I’ve been given huge amounts of privilege in my life. The privilege of attending the schools I’ve wanted to, of getting support for my hair pulling from friends, family, and clinicians, of having the time and space and financial support to be able to spend my days doing what I love and not what allows me to survive. It’s hard for me to not feel, at least in part, responsible for bringing words to this issue.

I’ve often been asked if writing helps me manage my own hair pulling. The truth: absolutely not. In a behavioral sense, writing actually worsens my hair pulling, because writing involves being alone and thinking and feeling at intense levels, which tend to be key ingredients for my plucking. But, as I mentioned before, trichotillomania for me is way more than a behavior—the hardest part of living with it has to do with the emotional consequences. And, in this respect, writing does a beautiful job of helping me to cope. Again, I don’t write for the purpose of catharsis. And yet, catharsis does inevitably happen. It’s one of the most gorgeous, deeply spiritual aspects of the process. Even when writing sucks, as it almost always does, it’s impossible to deny that I’m healing.

Maybe the most magical part of collapsing my two obsessions—pulling my hair and writing—is that is has allowed me access to the most intimate, sticky, aching parts of myself on a daily basis. Creating a narrative for my life, assigning words to my internal murmurings, forces me to peel back the layers of masks, pride, and insecurities, exposing that part of myself that is most true. But even more than that, it forces me to translate it into a form that is accessible to others, which is essentially a process of universalizing (and humanizing) my individual experiences.
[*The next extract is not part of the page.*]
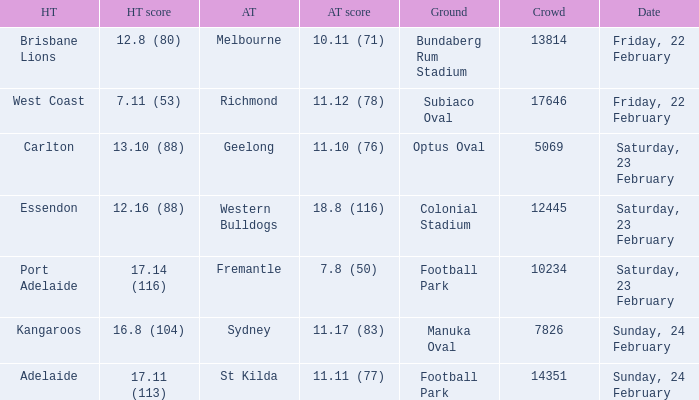What score did the away team receive against home team Port Adelaide? 7.8 (50).

That process is, at its core, humbling. It insists that I see not my life versus yours, not me or us versus them. 48 out of 50 people are unlike me in a fundamental way: their lives aren’t dominated by a disorder like hair pulling. And yet, writing encourages me to connect to something much larger than that—that thing is not characterized by circumstance, but by story. A story that everyone, every last lonely, ashamed, terrified, self-loathing person out there, shares. Which is that we all experience the same feelings. The same fears. The same joys. My hair pulling, which used to alienate me, now connects me to humanity in a more meaningful way than ever before. All thanks to my writing.

A mentor once told me that you have to look for that one thing that you least want to write about, and then to charge into it headfirst. Writing, at least good writing, is about vulnerability. The places where we feel least comfortable, the least socially acceptable, are those that we must embrace. That’s where the heat is.

Right now, my formerly secret hair pulling life is the hallmark of my vulnerability. I plan on using this chronicle as a means of support and sharing as I charge into it headfirst.